Attempting to have their cake and eat it too in this regard has privileged Gushnikim far more than other West Bank Jews, who have trouble relating to the bourgeois colonialist lifestyle and “settler” mentality that characterizes Gush Etzion.

While Jews living in the northern West Bank are typically among the more hardcore activists one would expect to see on the rooftops of homes slated for demolition, the geographical distance from Elazar was not the only reason many didn’t show up this week.

One activist living in a village near the northern West Bank community of Yitzhar laughed when asked whether or not he planned to resist the demolitions at Elazar.

“You call that resistance? It’s a bunch of Ashkenazim singing ‘koombaya,’” he said, mocking the Gush Etzion residents for living “comfortable lifestyles in their massive villas.”
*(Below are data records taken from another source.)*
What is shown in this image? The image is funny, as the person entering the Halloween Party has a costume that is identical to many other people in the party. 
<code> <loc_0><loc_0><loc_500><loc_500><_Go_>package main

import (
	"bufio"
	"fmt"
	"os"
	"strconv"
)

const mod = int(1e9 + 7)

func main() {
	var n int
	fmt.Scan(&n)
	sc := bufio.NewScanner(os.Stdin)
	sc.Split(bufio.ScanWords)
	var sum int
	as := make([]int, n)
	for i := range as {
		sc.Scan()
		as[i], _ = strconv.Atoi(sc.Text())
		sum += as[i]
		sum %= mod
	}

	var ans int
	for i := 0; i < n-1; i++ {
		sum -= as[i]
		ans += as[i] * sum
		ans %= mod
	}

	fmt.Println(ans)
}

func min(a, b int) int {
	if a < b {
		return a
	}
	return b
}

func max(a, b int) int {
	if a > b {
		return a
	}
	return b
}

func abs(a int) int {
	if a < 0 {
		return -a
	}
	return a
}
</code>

Public figures supportive of Jewish communities in the West Bank, however, arrived in Netiv HaAvot Thursday to encourage the Jews who lost their homes.

Member of Knesset Motti Yogev (Bayit Yehudi) visited the expelled families Thursday morning and watched as the final houses were demolished.

“These are difficult sights to see,” Yogev told journalists. “The unnecessary destruction of homes in Netiv HaAvot in the land of Israel, the great pain of the families, the great pain of the Jewish people and the great pain of the Israel Defense Forces, which was forced to deal with this. This is all the responsibility of the Supreme Court, which again harmed both the fabric of Israeli life and our presence in the land of Israel.”

“I have no doubt that we will know how to restrain the Supreme Court and put it in its place,” he added. “We will also continue to build the Netiv HaAvot neighborhood and build hundreds of homes here, as well as in the entire land of Israel.”

“The sights make one shudder, and the thought of why this is happening makes one shudder even more,” said MK Rabbi Yehuda Glick (Likud).

“It brings me back to the sights of Gush Katif, for which today we are paying the price. It’s just awful. It’s done just because of the evil of organizations that decided to talk for Palestinians, as it were, even though no Palestinian is going to get any benefit from this. There are no words.”